724. SETON HALL PIRATES VS CINCINNATI BEARCATS
JANUARY 9, 1958
MADISON SQUARE GARDEN
QUALITY OF PLAY—8.29
DRAMA—5.51
STAR POWER—9.42
CONTEMPORARY IMPORT—6.37
HISTORICAL SIGNIFICANCE—8.86
LOCAL IMPACT—6.06
TOTAL: 44.51
“BECOMING THE BIG O”
During the Golden Age of college basketball in NYC, many stars were invited to play at Madison Square Garden in showcase games that were highly anticipated by local hoop fans and media, who seldom got to see these greats in person. Often these games were centered around holiday tournaments, but perhaps the greatest performance of any out-of-towner on Broadway was turned in on a random mid-week night against plain old Seton Hall in front of a small crowd of b-ball diehards.
For in the dawning days of 1958 Oscar Robertson was not yet “The Big O” and not yet a collegiate superstar. He was just a hugely-talented sophomore for the University of Cincinnati, one who had been sensational as a high schooler at Crispus Attucks in Indianapolis but was little-known nationally. That changed after one incredible 40-minute display inside the World’s Most Famous Arena.
Robertson was part of the first all-black team to win the fabled Indiana State High School championship in 1955, one year after tiny Milan High did it and became the root story behind “Hoosiers” (Milan shocked Attucks in the 1954 semifinals en route to the title). After going back-to-back with Attucks in ‘56, Robertson was heavily recruited, but he felt his options limited.
“In 1956, there weren't many schools offering anything to black athletes," Robertson said. "The South was taboo, and I didn't want to go out west. I wanted to go to Indiana University, but I think coach Branch McCracken didn't want Oscar Robertson. I think he felt he had too many blacks on the team to begin with.” So he went to Cincinnati, where racial animus was hardly absent but less of an issue than many other potential landing spots.

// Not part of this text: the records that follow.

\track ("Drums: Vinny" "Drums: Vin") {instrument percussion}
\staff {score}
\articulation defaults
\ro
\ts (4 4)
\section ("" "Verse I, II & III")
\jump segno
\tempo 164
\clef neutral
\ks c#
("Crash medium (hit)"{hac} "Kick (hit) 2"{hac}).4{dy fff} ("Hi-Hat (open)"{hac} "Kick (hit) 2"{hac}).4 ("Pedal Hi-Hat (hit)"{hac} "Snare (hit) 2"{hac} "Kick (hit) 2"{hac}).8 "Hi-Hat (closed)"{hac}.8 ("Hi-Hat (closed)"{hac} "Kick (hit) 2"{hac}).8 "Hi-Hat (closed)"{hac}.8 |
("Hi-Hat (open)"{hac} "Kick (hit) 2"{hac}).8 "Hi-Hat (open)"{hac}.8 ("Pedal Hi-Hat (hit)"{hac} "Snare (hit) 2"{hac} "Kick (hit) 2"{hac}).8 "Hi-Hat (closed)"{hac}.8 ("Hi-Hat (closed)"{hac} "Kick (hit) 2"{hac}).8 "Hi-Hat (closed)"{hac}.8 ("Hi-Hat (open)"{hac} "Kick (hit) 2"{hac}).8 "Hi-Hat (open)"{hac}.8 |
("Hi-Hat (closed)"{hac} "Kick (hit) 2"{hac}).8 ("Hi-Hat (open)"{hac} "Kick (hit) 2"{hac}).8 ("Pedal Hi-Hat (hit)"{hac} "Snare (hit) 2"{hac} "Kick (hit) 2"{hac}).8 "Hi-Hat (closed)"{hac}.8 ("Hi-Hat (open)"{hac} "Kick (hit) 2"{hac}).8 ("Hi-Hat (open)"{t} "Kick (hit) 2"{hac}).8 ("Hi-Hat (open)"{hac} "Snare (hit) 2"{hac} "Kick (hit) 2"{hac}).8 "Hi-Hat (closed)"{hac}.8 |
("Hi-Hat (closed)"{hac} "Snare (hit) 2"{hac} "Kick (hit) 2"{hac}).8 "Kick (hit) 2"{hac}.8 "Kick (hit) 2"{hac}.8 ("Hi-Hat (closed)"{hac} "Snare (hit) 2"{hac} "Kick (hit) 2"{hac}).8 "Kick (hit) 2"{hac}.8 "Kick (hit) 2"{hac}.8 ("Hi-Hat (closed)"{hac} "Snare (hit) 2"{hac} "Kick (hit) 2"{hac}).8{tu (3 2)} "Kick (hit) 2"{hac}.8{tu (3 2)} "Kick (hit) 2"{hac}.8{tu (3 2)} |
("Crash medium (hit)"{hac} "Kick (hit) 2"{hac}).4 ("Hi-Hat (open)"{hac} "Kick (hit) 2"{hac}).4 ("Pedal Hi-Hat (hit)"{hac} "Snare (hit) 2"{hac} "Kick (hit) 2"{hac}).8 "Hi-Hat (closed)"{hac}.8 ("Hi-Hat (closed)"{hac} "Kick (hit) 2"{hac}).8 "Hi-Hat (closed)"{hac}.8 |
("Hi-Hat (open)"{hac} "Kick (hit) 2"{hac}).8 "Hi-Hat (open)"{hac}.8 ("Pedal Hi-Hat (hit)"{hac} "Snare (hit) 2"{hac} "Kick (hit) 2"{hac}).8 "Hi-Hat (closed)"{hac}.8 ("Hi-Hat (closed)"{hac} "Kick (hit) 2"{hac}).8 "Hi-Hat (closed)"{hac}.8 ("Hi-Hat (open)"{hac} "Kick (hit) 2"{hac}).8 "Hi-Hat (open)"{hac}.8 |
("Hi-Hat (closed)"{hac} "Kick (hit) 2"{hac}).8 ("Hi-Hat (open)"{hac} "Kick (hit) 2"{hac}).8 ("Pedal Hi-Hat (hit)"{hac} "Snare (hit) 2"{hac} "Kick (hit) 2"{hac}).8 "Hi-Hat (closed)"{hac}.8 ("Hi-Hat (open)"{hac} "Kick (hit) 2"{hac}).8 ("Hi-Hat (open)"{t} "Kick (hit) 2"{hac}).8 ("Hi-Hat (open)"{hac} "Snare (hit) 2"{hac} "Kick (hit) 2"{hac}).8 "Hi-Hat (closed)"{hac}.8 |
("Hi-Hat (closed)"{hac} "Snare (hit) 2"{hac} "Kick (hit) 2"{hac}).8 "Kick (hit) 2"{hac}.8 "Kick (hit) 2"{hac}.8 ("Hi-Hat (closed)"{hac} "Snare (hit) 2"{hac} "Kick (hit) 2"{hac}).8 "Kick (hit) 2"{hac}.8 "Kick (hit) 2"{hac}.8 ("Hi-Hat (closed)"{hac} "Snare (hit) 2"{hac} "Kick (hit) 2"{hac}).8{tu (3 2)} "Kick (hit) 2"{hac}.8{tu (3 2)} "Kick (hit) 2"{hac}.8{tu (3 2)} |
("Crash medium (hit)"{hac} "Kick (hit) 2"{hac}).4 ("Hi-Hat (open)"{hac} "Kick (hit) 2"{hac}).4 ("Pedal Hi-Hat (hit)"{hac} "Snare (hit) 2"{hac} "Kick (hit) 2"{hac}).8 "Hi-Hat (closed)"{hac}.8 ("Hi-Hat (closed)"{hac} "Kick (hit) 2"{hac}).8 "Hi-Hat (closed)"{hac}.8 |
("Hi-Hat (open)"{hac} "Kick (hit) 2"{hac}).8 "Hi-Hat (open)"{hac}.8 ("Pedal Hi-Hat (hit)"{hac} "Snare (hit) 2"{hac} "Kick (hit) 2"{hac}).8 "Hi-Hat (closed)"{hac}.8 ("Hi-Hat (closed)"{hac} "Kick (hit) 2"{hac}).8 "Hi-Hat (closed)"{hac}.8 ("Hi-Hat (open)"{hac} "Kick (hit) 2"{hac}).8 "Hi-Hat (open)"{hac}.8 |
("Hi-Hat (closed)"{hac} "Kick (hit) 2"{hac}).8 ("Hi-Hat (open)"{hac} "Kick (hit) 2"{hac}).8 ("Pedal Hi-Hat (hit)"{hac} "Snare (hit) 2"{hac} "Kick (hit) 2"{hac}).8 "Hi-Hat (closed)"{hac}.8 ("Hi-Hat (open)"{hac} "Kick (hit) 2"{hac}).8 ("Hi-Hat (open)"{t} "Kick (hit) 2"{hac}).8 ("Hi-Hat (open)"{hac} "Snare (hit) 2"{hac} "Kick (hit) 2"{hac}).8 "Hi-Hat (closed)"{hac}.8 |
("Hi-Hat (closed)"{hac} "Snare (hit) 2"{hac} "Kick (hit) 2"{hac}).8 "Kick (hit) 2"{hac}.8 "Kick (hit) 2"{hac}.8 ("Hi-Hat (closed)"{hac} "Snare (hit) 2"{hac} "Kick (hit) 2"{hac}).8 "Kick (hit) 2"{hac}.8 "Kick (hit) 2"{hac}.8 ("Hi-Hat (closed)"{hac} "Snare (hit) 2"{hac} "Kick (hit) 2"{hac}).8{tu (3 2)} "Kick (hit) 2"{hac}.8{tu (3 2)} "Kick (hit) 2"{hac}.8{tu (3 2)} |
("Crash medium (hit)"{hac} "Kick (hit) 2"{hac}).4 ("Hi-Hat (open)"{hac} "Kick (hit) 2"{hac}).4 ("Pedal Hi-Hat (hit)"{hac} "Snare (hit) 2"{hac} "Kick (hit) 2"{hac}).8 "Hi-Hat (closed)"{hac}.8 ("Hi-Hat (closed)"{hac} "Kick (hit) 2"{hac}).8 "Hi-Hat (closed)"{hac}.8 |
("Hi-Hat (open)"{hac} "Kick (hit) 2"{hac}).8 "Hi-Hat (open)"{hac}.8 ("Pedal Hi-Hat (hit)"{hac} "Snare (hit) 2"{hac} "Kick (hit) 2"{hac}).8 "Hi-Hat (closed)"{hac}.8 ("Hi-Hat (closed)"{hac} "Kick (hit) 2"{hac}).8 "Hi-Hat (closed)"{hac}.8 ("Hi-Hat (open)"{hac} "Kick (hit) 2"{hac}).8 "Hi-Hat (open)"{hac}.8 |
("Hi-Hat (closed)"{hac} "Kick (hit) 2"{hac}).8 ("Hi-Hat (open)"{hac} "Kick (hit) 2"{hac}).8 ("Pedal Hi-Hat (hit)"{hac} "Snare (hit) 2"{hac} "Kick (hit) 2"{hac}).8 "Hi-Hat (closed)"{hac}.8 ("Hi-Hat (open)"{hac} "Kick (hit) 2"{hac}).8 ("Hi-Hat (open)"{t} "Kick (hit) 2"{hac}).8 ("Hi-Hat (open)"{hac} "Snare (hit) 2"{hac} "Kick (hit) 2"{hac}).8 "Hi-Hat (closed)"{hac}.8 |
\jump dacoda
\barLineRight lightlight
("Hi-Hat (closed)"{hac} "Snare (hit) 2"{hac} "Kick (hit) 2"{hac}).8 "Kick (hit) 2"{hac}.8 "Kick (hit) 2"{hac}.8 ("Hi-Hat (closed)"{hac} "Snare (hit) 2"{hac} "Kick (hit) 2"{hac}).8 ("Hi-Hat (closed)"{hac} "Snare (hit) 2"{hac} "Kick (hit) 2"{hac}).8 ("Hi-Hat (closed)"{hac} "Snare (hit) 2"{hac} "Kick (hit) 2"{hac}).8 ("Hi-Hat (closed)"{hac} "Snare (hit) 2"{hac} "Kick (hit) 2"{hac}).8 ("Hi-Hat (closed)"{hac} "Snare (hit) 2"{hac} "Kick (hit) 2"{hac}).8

One place he might have been more welcomed was New York—Robertson recalled that his first trip to NYC was notable for “a welcome absence of the racial invective that came with the territory when you played in Indiana in the mid-’50s.” But no Gotham-area school recruited him, so the Queen City was the beneficiary.
The 7-2 Bearcats and 4-7 Seton Hall were scheduled for a Thursday night game on January 9, 1958, at the Old Garden on 50th Street. NYC can be overwhelming to visitors, and Robertson didn’t care much for the “bone-jarring” cab ride to the hotel from the airport. Robertson admitted to a local reporter he was nervous before the game (although worse was the fact the team hotel didn’t have a TV set). Playing the Palace was a huge deal, of course, and many visitors didn’t live up to the moment. “Something happened to them when they came into the Garden,” recalled Jack McMahon, a St. John’s star who played in the NBA for several years. “I felt sorry for them.”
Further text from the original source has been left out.